Based on how the first week of free agency has played out for the Bengals, we are led to one of two conclusions. Either the front office thinks the club is much closer to a championship than most everyone else on the outside looking in, or they are secretly conceding that 2017 is a rebuilding project.
Part of the process during the past week, possibly pointing to the latter conclusion, has been the allowance of long-standing veterans to sign elsewhere. Andrew Whitworth inked a lucrative deal with the Rams, Domata Peko opted to go to Denver, while Kevin Zeitler decided to reunite with Hue Jackson, along with others from the team’s 2016 roster.

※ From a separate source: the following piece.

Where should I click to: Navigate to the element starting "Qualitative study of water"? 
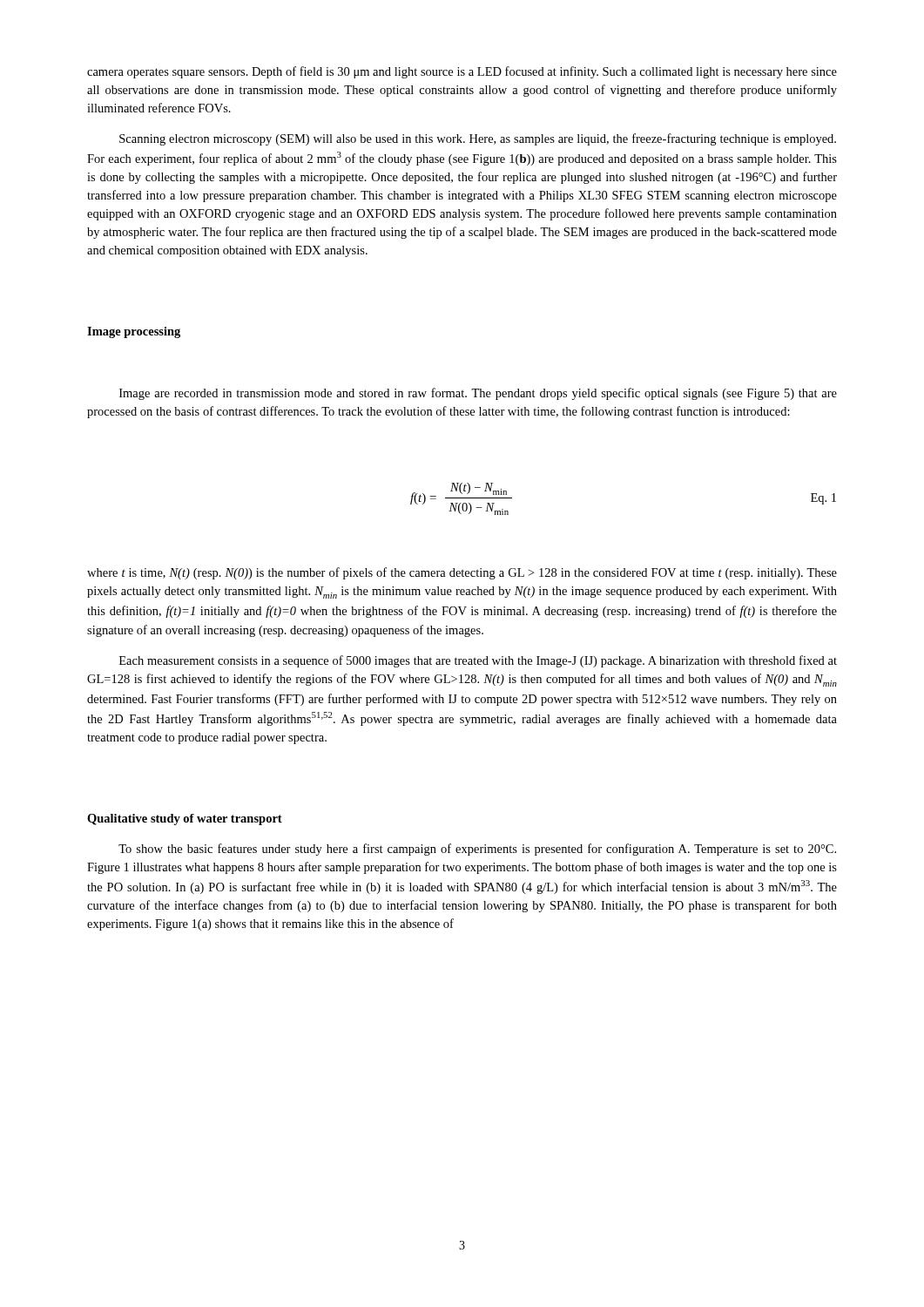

On Monday, news trickled out about another Bengals veteran getting a second chance elsewhere. The Colts signed Cincinnati’s former second round selection, Margus Hunt, to a two-year deal. The decision ends a disappointing four-year stint with the Bengals, where the giant defensive end project netted just 1.5 sacks and 29 total tackles in 44 games played.
When the Bengals used the second of two picks in the round on Hunt (the first was on Giovani Bernard), we knew Hunt would have an uphill climb to make an impact with the Bengals. Still, at a massive 6’8” and 290 pounds, Cincinnati’s coaches frothed at the mouth at the possibilities of creating a monster pass-rusher up front. Their hope for Hunt was evident on the team’s 2013 stint on the documentary, “Hard Knocks”.
It never materialized.
Now, with Hunt bolting to the AFC South, the Bengals are left with yet another roster void from a high pick project. Whether it was Dontay Moch in 2011, Taylor Mays never finding his niche (though he was initially drafted by the 49ers), or Orson Charles never being comfortable as an NFL tight end or H-Back, Hunt just adds to the disappointing list.
The Bengals were reeling last offseason from their personnel losses, particularly at wide receiver, and tried to invest in more ready-now-type of players. Unfortunately, injuries and other issues made the class as one of the worst overall in the NFL last year. Still, there was evidence of the team bypassing project players last year—at least in the respect that they would need to have some sort of a major transition to the NFL.
Now, in the wake of the second straight offseason of seeing some talented, tenured players walk out of the door, the Bengals will need to get young players who can come in and contribute immediately. Tyler Boyd was one of the only rookies to step up in such a way in 2016, but the rest of last year’s class will need to have big second seasons. That’s especially the case with William Jackson III and Andrew Billings, who were two of the most high-profile players of the class and are coming back from injury.
For every team, promising projects in the NFL Draft can become too hard to pass up. And, whether teams select those project players or not, other seemingly sure-fire rookies are always a crapshoot. So, if the Bengals are in a rebuilding project again, or if their hope is to rebound as quickly as possible in 2017, they need to invest in talented players who can help them on day one. Based on the amount of roster vacancies they have and the notion that they only have $2-$3 million left to spend in free agency, we’re inclined to believe they will use most, if not all of their 11 draft picks this year.
The tough call for the team may not just be in project players, but in those high-risk/high-reward players with character concerns. There has been a lot of news linking the team to immensely-talented Oklahoma running back, Joe Mixon, but he comes with major red flags. Will the team opt for possible short-term success and potential long-term headaches with troubled youngsters, as they did in the mid and late-2000s?
Regardless of the route they choose, the Bengals need to find immediate contributors in the draft and a slew of new leaders because two great ones in Peko and Whitworth can’t be leaned on anymore.